# 3 sleeps until panel



## Guest (Apr 9, 2013)

Yikes it's nearly here, am so emotional it's ridiculous.

I am very lucky to have a boss that's told me to work from home on Thursday! Either being a very wonderful boss as always has been through the process or I have been the woman from hell this week.!

It's hit me, head is all over the place.  I love all the support we have, it's wonderful, and everyone at work and home that keeps texting and ringing to wish us luck as they are all so excited, but have been trying to forget about it as can't concentrate on anything else!

If we get approved on Friday it will be the most fantastic day ever, one we thought this time last year we would never have.
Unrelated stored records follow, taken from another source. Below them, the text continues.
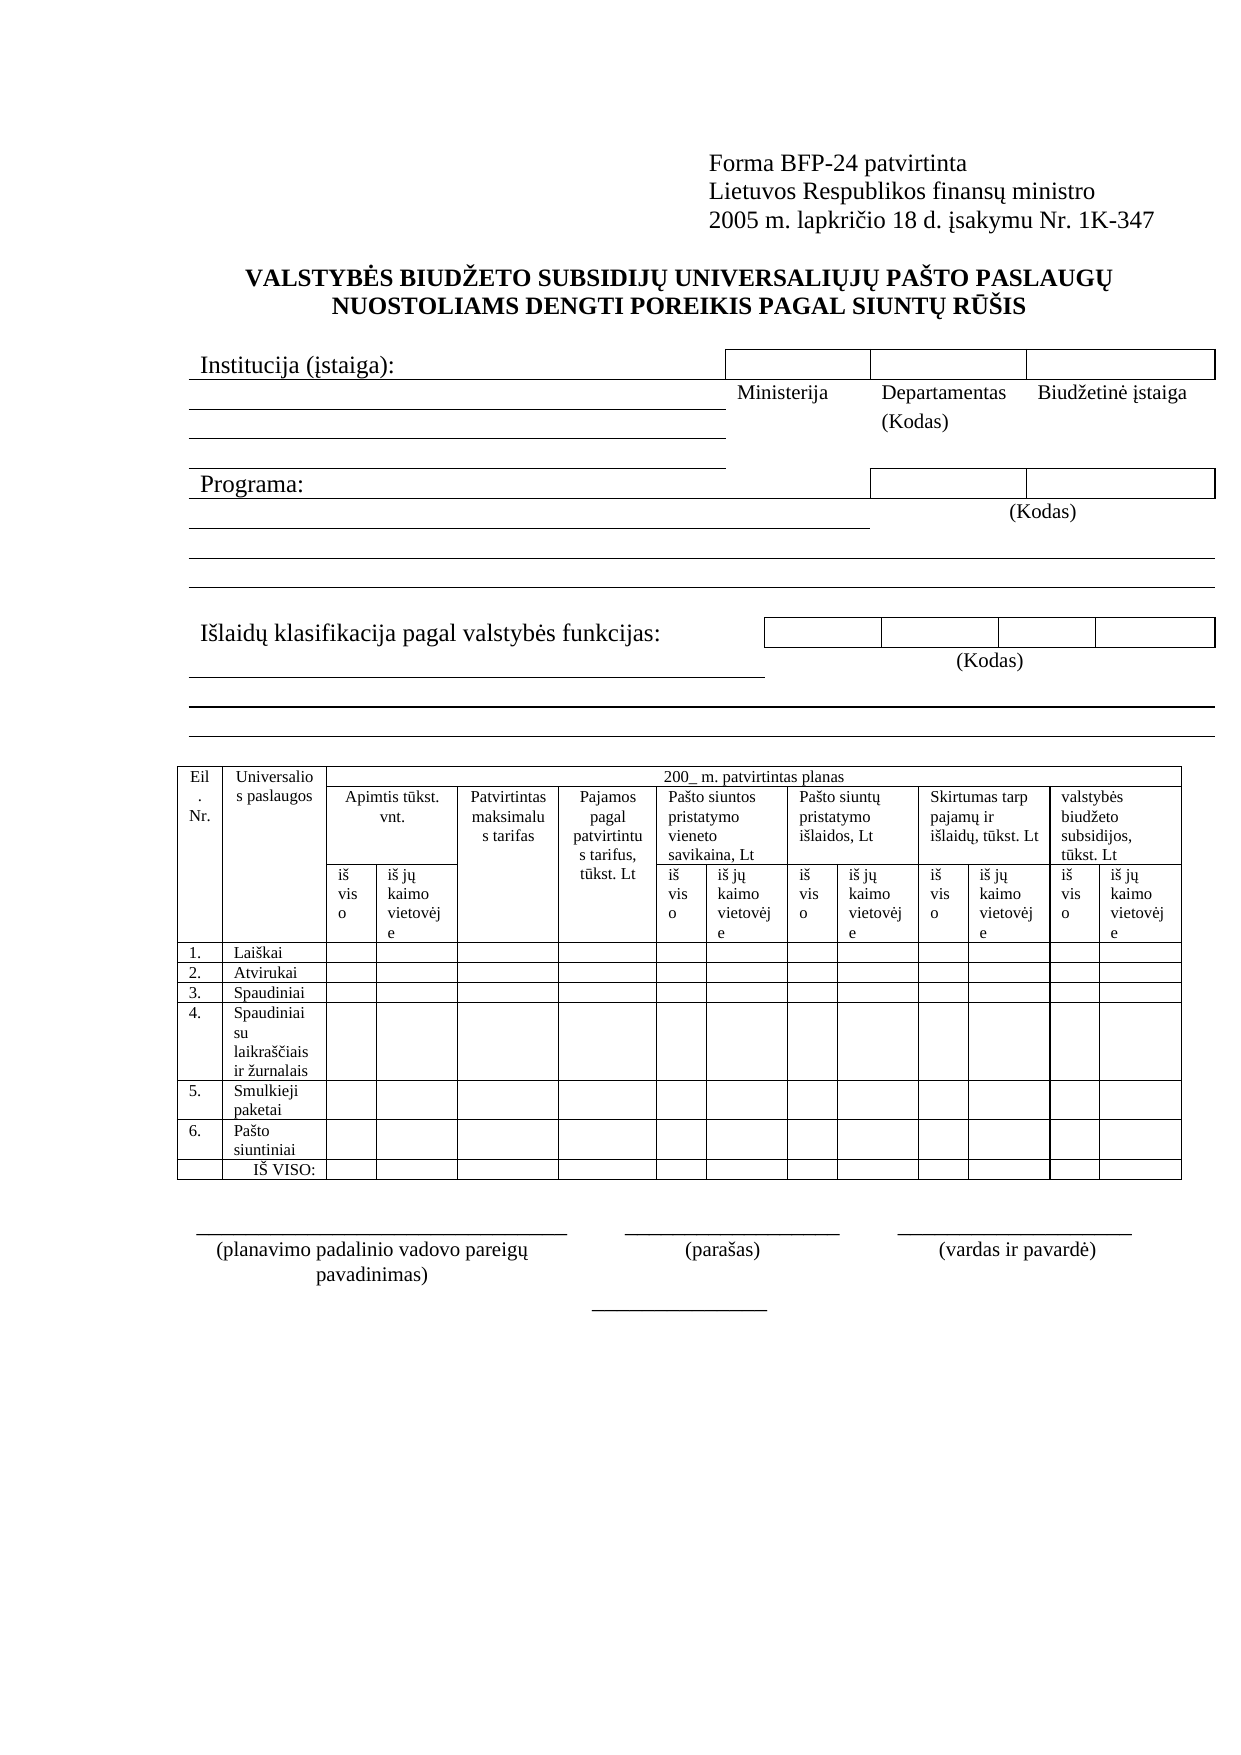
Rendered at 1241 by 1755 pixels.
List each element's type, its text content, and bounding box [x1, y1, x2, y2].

table_cell [969, 983, 1049, 1002]
table_cell [919, 1120, 968, 1159]
table_cell [707, 1160, 787, 1179]
table_cell Pašto siuntiniai [223, 1120, 326, 1159]
table_cell [327, 943, 376, 962]
table_cell [969, 1003, 1049, 1080]
table_cell iš viso [788, 865, 837, 942]
table_cell 4. [178, 1003, 222, 1080]
table_cell [1100, 1003, 1181, 1080]
text pavadinimas) [177, 1261, 1181, 1286]
table_cell [189, 529, 726, 557]
table_cell [1051, 1120, 1099, 1159]
table_cell Pajamos pagal patvirtintus tarifus, tūkst. Lt [559, 787, 656, 942]
table_cell [458, 1160, 558, 1179]
table_cell Ministerija [726, 380, 870, 408]
table_cell 6. [178, 1120, 222, 1159]
table_header [1096, 618, 1214, 647]
table_cell [870, 528, 1026, 557]
table_cell [377, 983, 457, 1002]
table_cell [838, 1081, 918, 1119]
text VALSTYBĖS BIUDŽETO SUBSIDIJŲ UNIVERSALIŲJŲ PAŠTO PASLAUGŲ NUOSTOLIAMS DENGTI POREIKIS PAGAL SIUNTŲ RŪŠIS [177, 263, 1181, 320]
table_cell [377, 1003, 457, 1080]
table_cell Patvirtintas maksimalus tarifas [458, 787, 558, 942]
table_cell iš viso [657, 865, 706, 942]
table_cell Smulkieji paketai [223, 1081, 326, 1119]
table_cell [1100, 983, 1181, 1002]
table_cell [189, 380, 726, 408]
table_cell 1. [178, 943, 222, 962]
table_cell 2. [178, 963, 222, 982]
table_cell [189, 678, 764, 706]
table_cell [1026, 438, 1215, 468]
table_cell Biudžetinė įstaiga [1026, 380, 1215, 408]
table_cell [707, 943, 787, 962]
table_cell [189, 647, 764, 677]
table_cell [788, 963, 837, 982]
table_cell [969, 1120, 1049, 1159]
table_cell [919, 1003, 968, 1080]
table_cell Spaudiniai su laikraščiais ir žurnalais [223, 1003, 326, 1080]
table_cell 5. [178, 1081, 222, 1119]
table_cell [707, 963, 787, 982]
table_cell [765, 677, 1215, 706]
table_cell IŠ VISO: [223, 1160, 326, 1179]
table_cell [327, 1120, 376, 1159]
table_cell [1051, 943, 1099, 962]
table_cell [726, 559, 870, 587]
table_cell [189, 499, 726, 528]
table_cell [458, 983, 558, 1002]
table_header [999, 618, 1095, 647]
table_cell [788, 1120, 837, 1159]
table_cell [377, 1120, 457, 1159]
text (planavimo padalinio vadovo pareigų (parašas) (vardas ir pavardė) [177, 1237, 1181, 1261]
table_header Institucija (įstaiga): [189, 349, 725, 379]
table_header [1027, 350, 1214, 379]
table_cell [559, 943, 656, 962]
table_cell [458, 1003, 558, 1080]
table_cell [1100, 943, 1181, 962]
table_cell [1100, 1160, 1181, 1179]
table_cell [969, 943, 1049, 962]
table_cell [377, 943, 457, 962]
table_cell [1051, 1081, 1099, 1119]
table_cell [458, 1120, 558, 1159]
table_cell [707, 1003, 787, 1080]
table_cell [458, 963, 558, 982]
table_cell [871, 469, 1026, 498]
table_cell [919, 963, 968, 982]
table_cell [657, 1081, 706, 1119]
table_header [882, 618, 998, 647]
text Lietuvos Respublikos finansų ministro [177, 176, 1181, 205]
table_header [765, 618, 881, 647]
table_cell [657, 943, 706, 962]
table_cell [377, 963, 457, 982]
table_cell [1051, 983, 1099, 1002]
table_cell [969, 1160, 1049, 1179]
table_cell [838, 943, 918, 962]
table_cell [327, 963, 376, 982]
text 2005 m. lapkričio 18 d. įsakymu Nr. 1K-347 [177, 205, 1181, 234]
table_cell (Kodas) [870, 409, 1026, 438]
table_cell [657, 1120, 706, 1159]
table_cell [1051, 1160, 1099, 1179]
table_cell [726, 499, 870, 528]
table_cell [559, 983, 656, 1002]
table_cell [657, 963, 706, 982]
table_cell [327, 983, 376, 1002]
table_header [871, 350, 1026, 379]
table_cell [559, 1120, 656, 1159]
table_header Universalios paslaugos [223, 767, 326, 942]
table_cell [189, 439, 305, 468]
table_cell [1026, 559, 1215, 587]
table_cell [305, 439, 726, 468]
table_cell [726, 529, 870, 557]
table_cell [870, 559, 1026, 587]
table_cell [1100, 963, 1181, 982]
table_cell [969, 1081, 1049, 1119]
table_cell iš jų kaimo vietovėje [838, 865, 918, 942]
table_cell [726, 438, 870, 468]
table_cell Pašto siuntų pristatymo išlaidos, Lt [788, 787, 918, 864]
table_cell [1100, 1081, 1181, 1119]
table_cell [1027, 469, 1214, 498]
table_cell [178, 1160, 222, 1179]
table_cell [657, 1003, 706, 1080]
table_cell [327, 1160, 376, 1179]
table_cell [657, 1160, 706, 1179]
table_cell [919, 943, 968, 962]
table_cell [919, 983, 968, 1002]
text ______________ [177, 1286, 1181, 1314]
table_header Išlaidų klasifikacija pagal valstybės funkcijas: [189, 617, 764, 647]
table_cell iš jų kaimo vietovėje [969, 865, 1049, 942]
table_cell [1100, 1120, 1181, 1159]
table_cell [559, 963, 656, 982]
table_cell [870, 438, 1026, 468]
table_cell [707, 1081, 787, 1119]
table_cell [838, 983, 918, 1002]
table_cell (Kodas) [870, 499, 1215, 528]
table_cell [919, 1081, 968, 1119]
table_cell Laiškai [223, 943, 326, 962]
table_cell iš viso [1051, 865, 1099, 942]
table_header [726, 350, 870, 379]
table_cell [765, 708, 1215, 736]
table_cell [559, 1081, 656, 1119]
table_cell [788, 943, 837, 962]
table_cell [458, 943, 558, 962]
table_cell Spaudiniai [223, 983, 326, 1002]
table_cell [726, 409, 870, 438]
table_cell [377, 1160, 457, 1179]
table_header Eil. Nr. [178, 767, 222, 942]
table_cell [788, 983, 837, 1002]
table_cell [788, 1081, 837, 1119]
table_cell Programa: [189, 469, 726, 498]
table_cell 3. [178, 983, 222, 1002]
table_cell Skirtumas tarp pajamų ir išlaidų, tūkst. Lt [919, 787, 1049, 864]
table_cell [788, 1003, 837, 1080]
table_header 200_ m. patvirtintas planas [327, 767, 1181, 786]
table_cell iš jų kaimo vietovėje [1100, 865, 1181, 942]
table_cell [657, 983, 706, 1002]
table_cell [969, 963, 1049, 982]
table_cell [559, 1160, 656, 1179]
table_cell [838, 963, 918, 982]
table_cell valstybės biudžeto subsidijos, tūkst. Lt [1051, 787, 1181, 864]
table_cell [1051, 963, 1099, 982]
table_cell [919, 1160, 968, 1179]
table_cell Apimtis tūkst. vnt. [327, 787, 457, 864]
table_cell Atvirukai [223, 963, 326, 982]
table_cell iš viso [327, 865, 376, 942]
table_cell [1026, 528, 1215, 557]
table_cell Departamentas [870, 380, 1026, 408]
table_cell [458, 1081, 558, 1119]
table_cell [788, 1160, 837, 1179]
table_cell [327, 1003, 376, 1080]
text Forma BFP-24 patvirtinta [177, 148, 1181, 176]
table_cell [377, 1081, 457, 1119]
table_cell Pašto siuntos pristatymo vieneto savikaina, Lt [657, 787, 787, 864]
table_cell (Kodas) [765, 648, 1215, 677]
table_cell [838, 1120, 918, 1159]
table_cell [1051, 1003, 1099, 1080]
table_cell iš viso [919, 865, 968, 942]
table_cell [189, 559, 726, 587]
table_cell iš jų kaimo vietovėje [377, 865, 457, 942]
table_cell [1026, 409, 1215, 438]
table_cell [726, 468, 870, 498]
table_cell [838, 1160, 918, 1179]
table_cell [559, 1003, 656, 1080]
table_cell [707, 983, 787, 1002]
table_cell [838, 1003, 918, 1080]
table_cell iš jų kaimo vietovėje [707, 865, 787, 942]
table_cell [707, 1120, 787, 1159]
table_cell [189, 708, 764, 736]
table_cell [327, 1081, 376, 1119]
table_cell [189, 410, 726, 438]

Only 3 more restless sleeps!


----------



## Theretofour (Feb 19, 2013)

Wow that great news xx


----------



## Primmer (May 1, 2012)

Dinks - you are nearly there! Hope the time goes quickly for you. I am just starting out on the adoption process but think its understandable to feel like you do as panel approaches. Really hope it goes well for you x


----------



## ChickenLegs (Feb 3, 2013)

Hope it all goes smoothly    and you actually get those sleeps!


----------



## Doofuz (Mar 9, 2008)

So close! Very excited for you. Try and sleep well, must be sleep depriving!


----------



## summer girl (Nov 27, 2009)

Good luck for tomorrow Dinks, you'll breeze it


----------



## Guest (Apr 11, 2013)

Thankyou, really nervous now, feel sick and taking iPad to bed for the hours I won't sleep - candy crush has a lot to answer to!


----------



## Emma-is-a-mummy (Jan 16, 2012)

Good luck honey you'll do amazing  xxxx


----------



## Mummy DIY Diva (Feb 18, 2012)

Good luck x x


----------



## Dreams do come true (Jan 4, 2012)

Good luck hun x


----------



## Primmer (May 1, 2012)

Good luck at panel, can't wait to hear back from you later with an update x


----------



## Lizard39 (Nov 25, 2011)

Good luck today Dinks. Hope you have a bottle of champagne chilling in the fridge!


----------



## Doofuz (Mar 9, 2008)

Oh man! Good luck, it will go well. I had a dream about our panel the other day and weirdly, you were there. I walked in to sit down and you were coming out with a huge smile on your face


----------



## Guest (Apr 12, 2013)

Haha Doofuz made me laugh - not long now for you.x


----------



## Doofuz (Mar 9, 2008)

6 weeks  So pleased for you x


----------